▶ **What you will do**: Begin at the line below that has "Formatted like this" and stop after the line that has "#2 forklift (804,98,1056,787)". Please restate only those lines, word for word.

[Material provided]

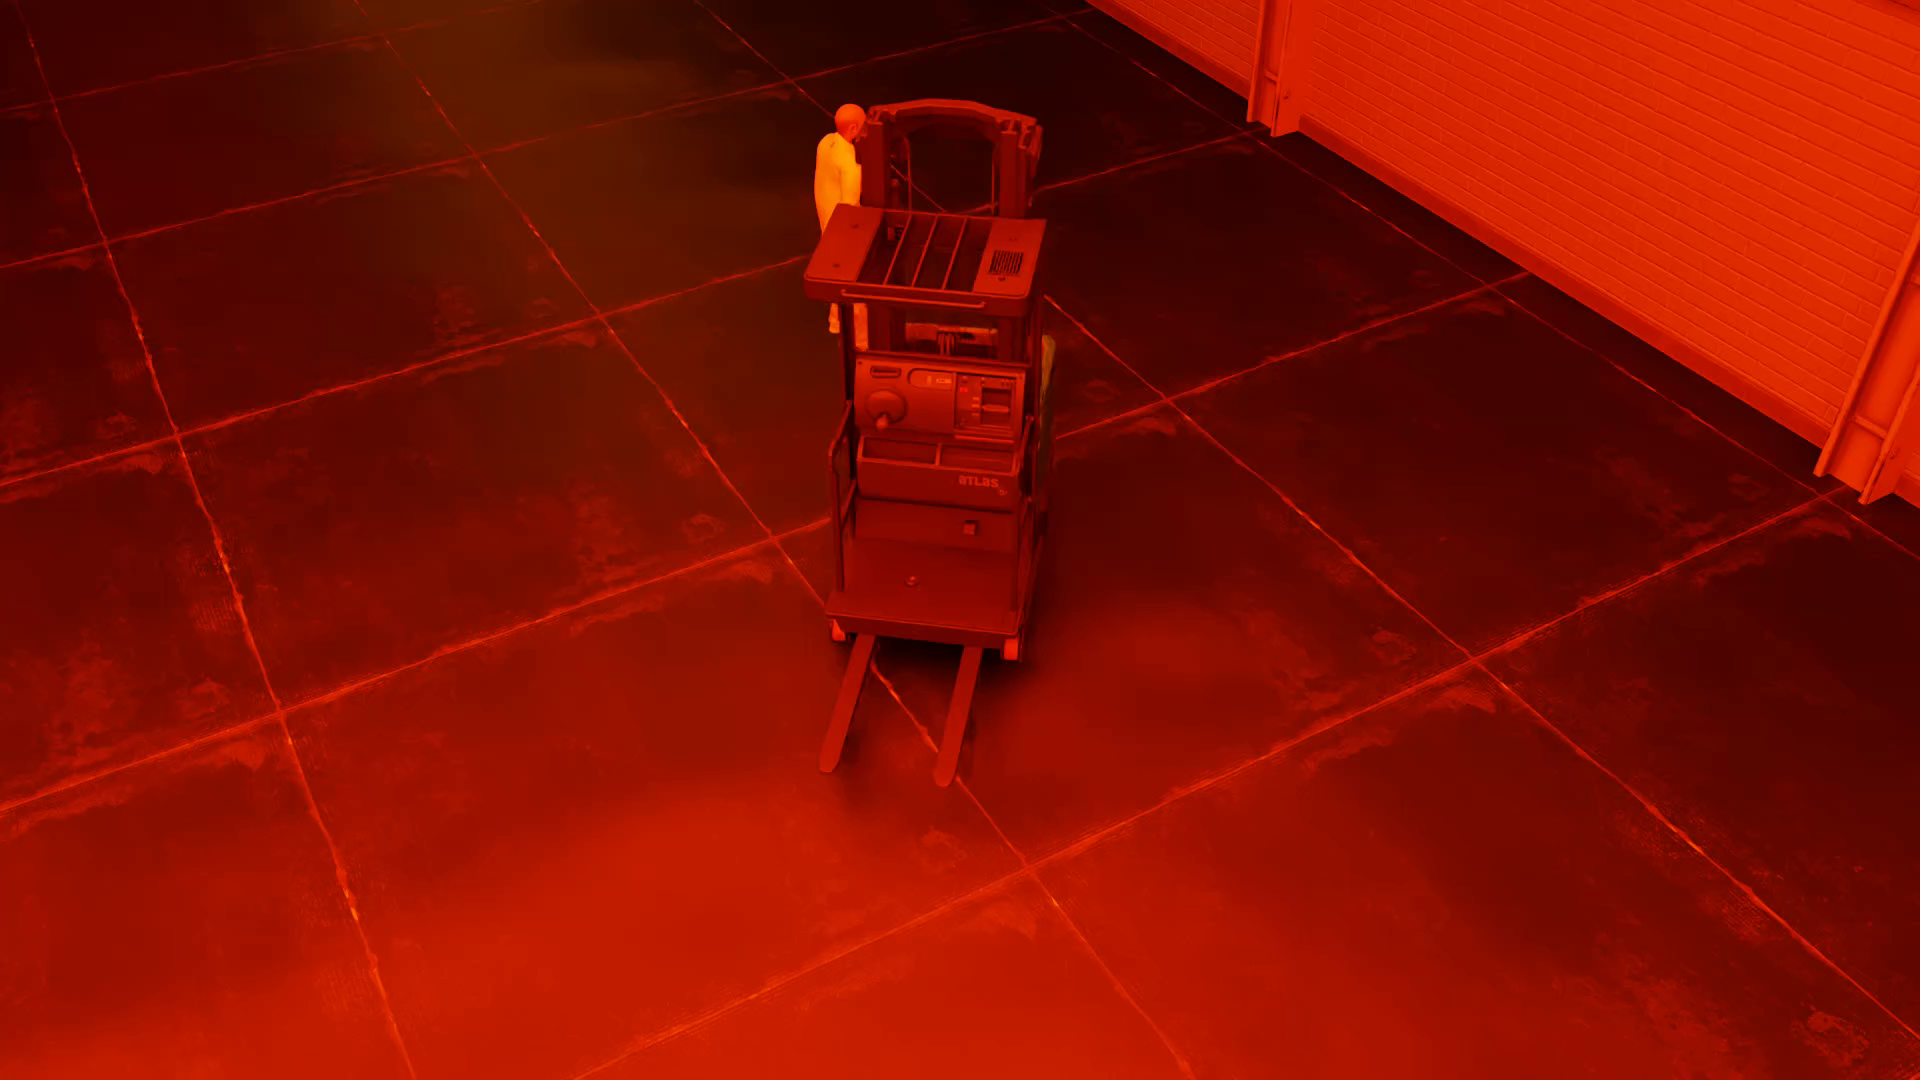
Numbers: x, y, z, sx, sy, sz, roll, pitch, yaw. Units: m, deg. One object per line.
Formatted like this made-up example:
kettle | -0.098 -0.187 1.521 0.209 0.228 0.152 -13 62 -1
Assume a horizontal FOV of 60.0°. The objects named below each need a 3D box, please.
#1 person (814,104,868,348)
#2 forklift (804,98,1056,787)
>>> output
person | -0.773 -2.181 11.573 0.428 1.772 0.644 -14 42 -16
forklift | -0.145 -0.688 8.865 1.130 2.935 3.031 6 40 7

[/Material provided]

▶ **Answer below**:
Formatted like this made-up example:
kettle | -0.098 -0.187 1.521 0.209 0.228 0.152 -13 62 -1
Assume a horizontal FOV of 60.0°. The objects named below each need a 3D box, please.
#1 person (814,104,868,348)
#2 forklift (804,98,1056,787)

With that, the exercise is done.